The alpine botanical garden Saussurea (Giardino Botanico Alpino Saussurea, Jardin botanique alpin Saussurea) is the highest alpine botanical garden in Europe, at 2,173 metres above sea level. It is located in Courmayeur, Aosta Valley, Italy. The Saussurea garden is one of the four alpine botanical gardens in the Aosta Valley, and its 7,000 square metres contain the typical alpine flora of Mont Blanc. Its name comes from Horace-Bénédict de Saussure, who made the first known ascent of Mont Blanc in 1786, and from whom the flower Saussurea alpina also takes its name. It is open from June to September.

== The Territory ==
The garden is situated on a high ridge south of Mont Blanc, and contains a rockery, alpine pasture, talus slopes, and wetlands. Snow covers the area for 8 to 9 months per year, to a depth of 3–4 metres, disappearing in late June. Plants are identified by a card with family name, gender, species, Italian name, and country of origin.

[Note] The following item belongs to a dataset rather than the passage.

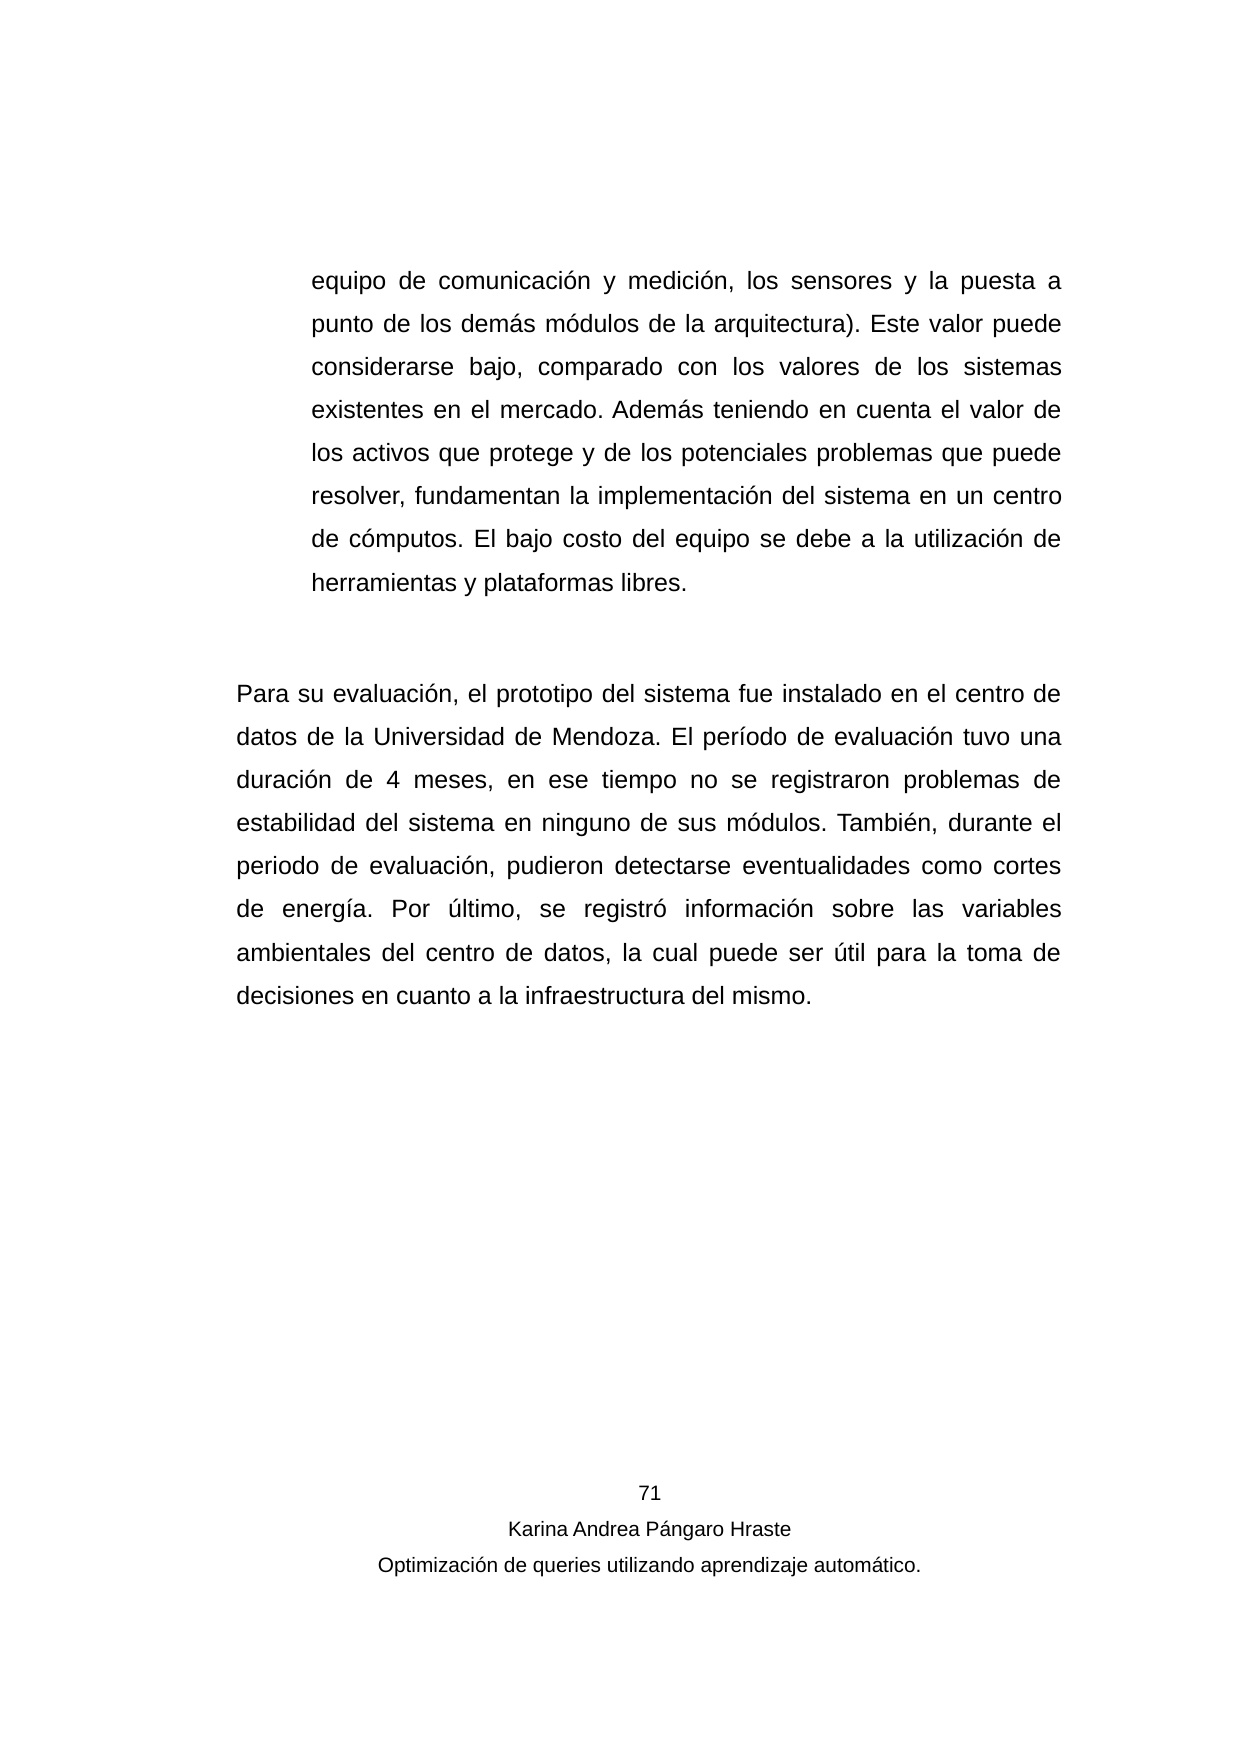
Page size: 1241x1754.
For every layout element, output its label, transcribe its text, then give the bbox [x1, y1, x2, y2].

The Saussurea garden covers an area of 7000 m² on the Pavillon du Mont Fréty, a natural saddle between the glacier and moraine of Mont Fréty and those of the Aiguille de Toula, on the south side of the Mont Blanc massif, in the Courmayeur area;

It can be reached by the Skyway Monte Bianco cable car, or on foot along path no. 20 from La Palud (Courmayeur) to the Pavillon hut (2h00'-2h30'). Nearby, it is possible to visit the Pavillon du Mont Fréty nature reserve.

The garden, which is home to 900 species, brings together the main environments of the Aosta Valley, and in this sense promotes the enhancement of the local botanical heritage, combining it with public enjoyment. In the first part of the Garden, the rockeries house the botanical species according to the logic of their geographical origin; in the innermost sector there are reconstructions of mountain environments.

== History ==
The botanical garden was founded in 1984 by the Donzelli, Gilberti and Ferretti Foundation, dedicated to the protection and study of the Mont Blanc flora, with the support of the Autonomous Region of Valle d'Aosta and the State Forestry Corps, but was only inaugurated three years later. With the passing of time, the aspect of study and protection of the species took precedence over the tourist aspect.

Today, the Saussurea alpine garden is managed by the Saussurea Foundation, formerly known as the Donzelli, Gilberti and Ferretti Foundation, after the names of its promoter, Count Giovanni Battista Gilberti, and its founder, Laurent Ferretti.